In the beginning of my virtual schooling, I had a moment of panic every time I saw the alert that a test or assignment had been marked. For a while, I had moved as slowly as possible when I saw the alert, trying to convince myself not to care. But I always cared.
Because achieving good grades has become a symbol of my work ethic and intelligence, my idea of myself was — and often remains — too restricted to allow myself to “fail” without my self-esteem going down a notch.
Self-esteem can feel like a value — maybe even a percentage — in which success is a point, and failure a deduction. Often, success and failure are defined relative to other people. The people we’re around become our standard, and we either exceed, meet, or fall short of that standard.
Do you ever feel talented in something, like an art, and then feel disappointed in yourself when you find other people who are also good at it?
Particularly in person, when someone outdoes me, there’s this kind of stiff feeling. I smile, and offer some nice canned responses, but can’t quite pretend that it doesn’t bother me.
I also find myself applying these standards to other people.
When I get particularly stressed about trying to excel in everything, I find myself more judgemental of others.
On the other hand, if I feel like I am keeping perspective, it can breed a special kind of arrogance where I look down upon the world’s foolishness.

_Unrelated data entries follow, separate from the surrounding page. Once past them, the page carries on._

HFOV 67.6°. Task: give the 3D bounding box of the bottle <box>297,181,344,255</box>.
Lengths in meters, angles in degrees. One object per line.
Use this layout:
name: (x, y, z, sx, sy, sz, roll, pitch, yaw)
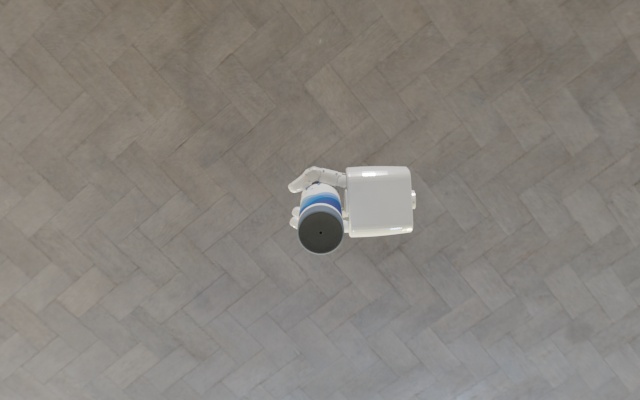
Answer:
bottle: (0.000, 0.003, 0.805, 0.069, 0.069, 0.295, 0, 17, 0)
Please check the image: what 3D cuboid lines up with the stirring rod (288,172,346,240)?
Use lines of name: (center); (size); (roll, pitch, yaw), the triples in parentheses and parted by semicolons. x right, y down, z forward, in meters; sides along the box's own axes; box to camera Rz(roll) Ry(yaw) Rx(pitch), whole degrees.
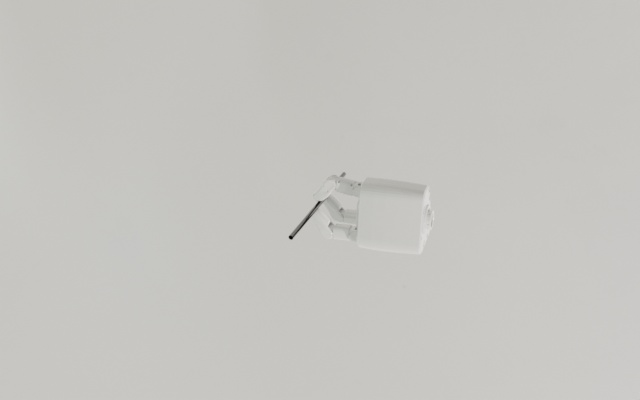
stirring rod: (0.000, 0.003, 0.829); (0.011, 0.011, 0.239); (0, 27, 25)
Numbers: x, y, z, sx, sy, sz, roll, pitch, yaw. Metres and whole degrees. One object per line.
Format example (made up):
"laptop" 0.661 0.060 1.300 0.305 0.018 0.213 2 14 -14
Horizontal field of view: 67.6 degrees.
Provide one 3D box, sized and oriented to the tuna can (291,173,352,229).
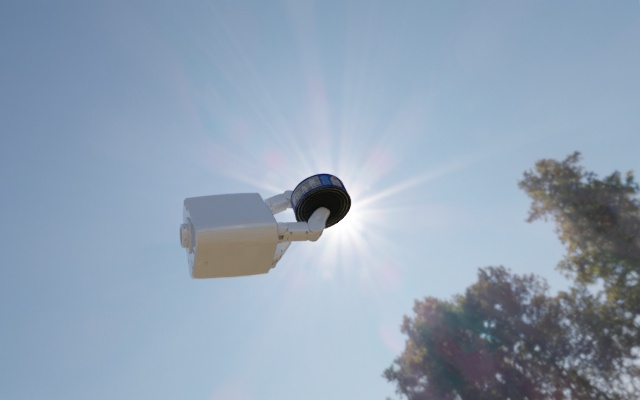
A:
"tuna can" 0.000 0.002 0.699 0.086 0.086 0.033 0 41 -22
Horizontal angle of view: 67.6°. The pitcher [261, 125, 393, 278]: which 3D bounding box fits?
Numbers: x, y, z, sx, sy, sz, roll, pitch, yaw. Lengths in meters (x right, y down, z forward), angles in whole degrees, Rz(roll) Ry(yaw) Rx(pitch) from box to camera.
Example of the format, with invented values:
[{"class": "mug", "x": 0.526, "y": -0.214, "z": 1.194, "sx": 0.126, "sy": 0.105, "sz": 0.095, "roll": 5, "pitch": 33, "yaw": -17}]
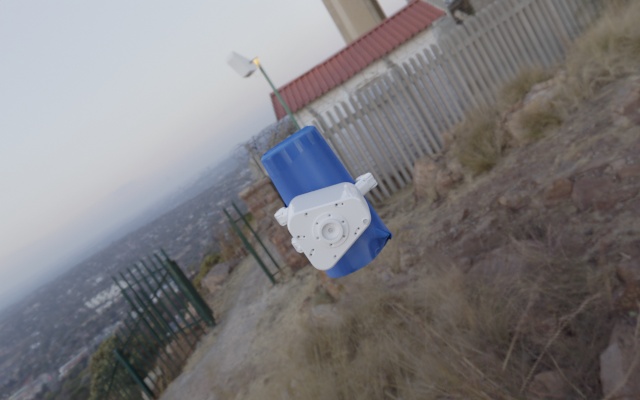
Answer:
[{"class": "pitcher", "x": 0.000, "y": 0.003, "z": 0.819, "sx": 0.149, "sy": 0.243, "sz": 0.145, "roll": -32, "pitch": 10, "yaw": 5}]
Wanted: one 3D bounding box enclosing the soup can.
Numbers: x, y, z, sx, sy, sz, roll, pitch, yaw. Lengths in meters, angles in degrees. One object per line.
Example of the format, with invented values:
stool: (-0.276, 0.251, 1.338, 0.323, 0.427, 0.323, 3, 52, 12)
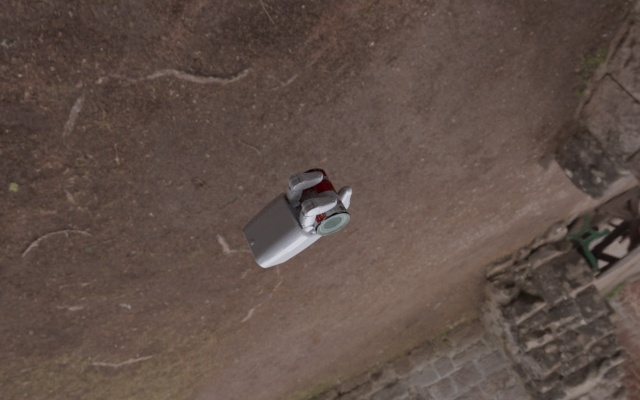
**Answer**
soup can: (0.001, 0.003, 0.845, 0.068, 0.102, 0.068, -22, -28, -13)
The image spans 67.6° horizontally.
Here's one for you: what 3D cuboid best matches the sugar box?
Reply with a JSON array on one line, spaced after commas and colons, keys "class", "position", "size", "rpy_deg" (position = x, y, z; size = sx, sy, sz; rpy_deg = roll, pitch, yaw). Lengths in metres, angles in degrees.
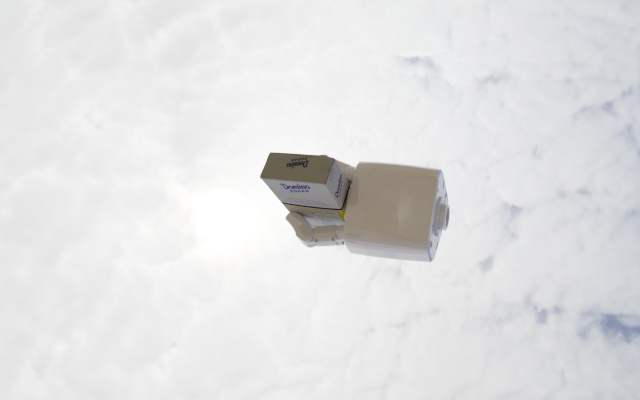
[{"class": "sugar box", "position": [0.000, 0.002, 0.637], "size": [0.093, 0.048, 0.176], "rpy_deg": [7, -29, 25]}]
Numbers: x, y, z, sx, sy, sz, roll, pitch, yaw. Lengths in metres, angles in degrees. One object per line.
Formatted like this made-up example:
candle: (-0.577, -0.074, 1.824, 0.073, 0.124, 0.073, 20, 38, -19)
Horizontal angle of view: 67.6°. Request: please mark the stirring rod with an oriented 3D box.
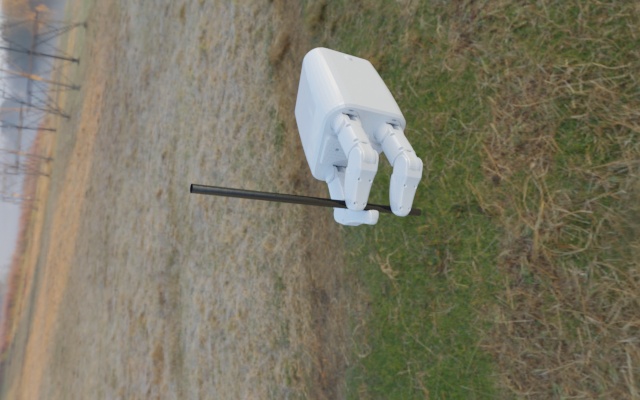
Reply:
stirring rod: (0.000, 0.001, 0.443, 0.239, 0.011, 0.011, 6, -3, -30)
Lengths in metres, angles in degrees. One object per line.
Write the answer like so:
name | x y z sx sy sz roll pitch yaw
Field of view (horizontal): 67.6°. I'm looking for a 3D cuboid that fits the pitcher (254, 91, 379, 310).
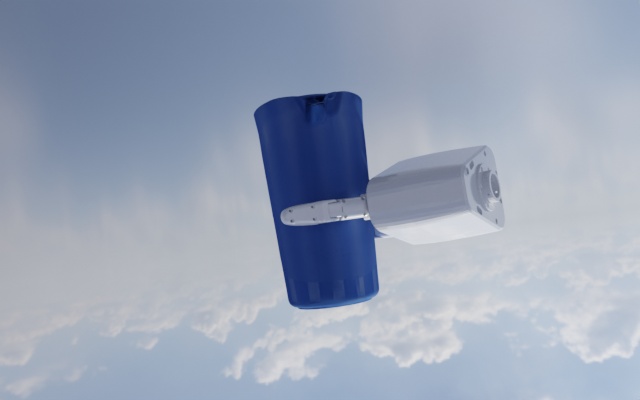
pitcher | 0.000 0.002 0.583 0.145 0.243 0.149 -12 -7 37
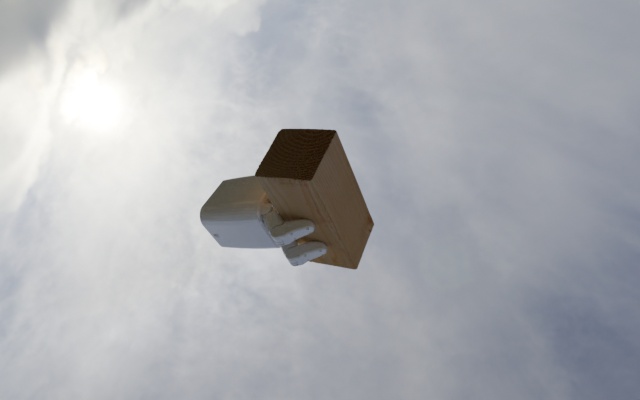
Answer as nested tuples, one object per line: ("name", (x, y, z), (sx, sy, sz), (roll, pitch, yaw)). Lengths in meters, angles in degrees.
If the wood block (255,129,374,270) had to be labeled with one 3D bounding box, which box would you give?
("wood block", (0.000, 0.002, 0.690), (0.090, 0.090, 0.206), (6, -36, 28))
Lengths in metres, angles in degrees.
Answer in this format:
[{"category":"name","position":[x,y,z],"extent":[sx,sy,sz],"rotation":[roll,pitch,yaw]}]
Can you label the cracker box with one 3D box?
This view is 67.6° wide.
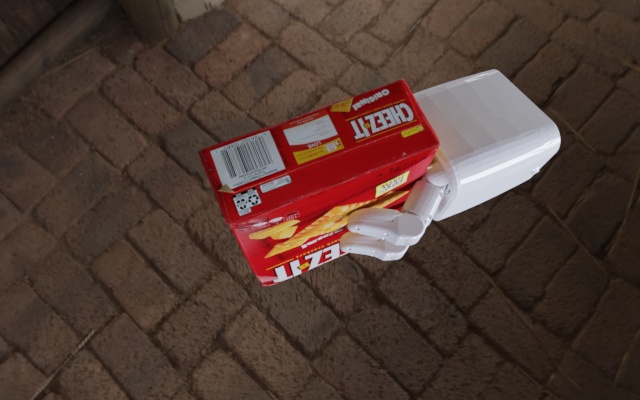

In both situations, I put myself on a pedestal, considering myself above others because I meet a certain criteria. And when I raise myself above others, that means there is a height to fall from; if I don’t meet that criteria anymore, then I have “fallen” to the same level as others. Realising that I’ve been judging others for something I do all the time isn’t a great feeling, and it’s one that I’m becoming all too familiar with.
Perhaps we need to leave space for a more complex and compassionate understanding of ourselves and others, as co-learners. Everyone has something to offer, and the world is too complicated to be forced into simple definitions of ‘worthy’ and ‘unworthy’. We need to separate the idea of our basic worth from the other parts of who we are and what we do.
To start, we need to inch out of the cycle of judgement. Sometimes we have to start by loosening our unhealthy grip on the idea of what we should be, and not getting angry with ourselves when we make a mistake. Other times, it can feel self-serving to forgive ourselves first when we continue to judge others, and we need to offer that compassion to our peers first.
As for failures, maybe we should put them into perspective. It can be easy to feel like a “failure” or think that a day was a “failure”, but people and things fail relative to a criteria, not inherently or in their entirety. And failures are just part of a series of natural causes
and effects — in other words, they’re bigger than us.
At the end of the day, I have some degree of faith that no matter how terrible a moment feels, it’s going to be okay. Because the universe will keep going, and I will be able to move on with it. Just like how each step when walking requires a small “fall”, I fail as a part of living.
Be willing to fail, persevere, and be patient with yourself. That’s all you can do.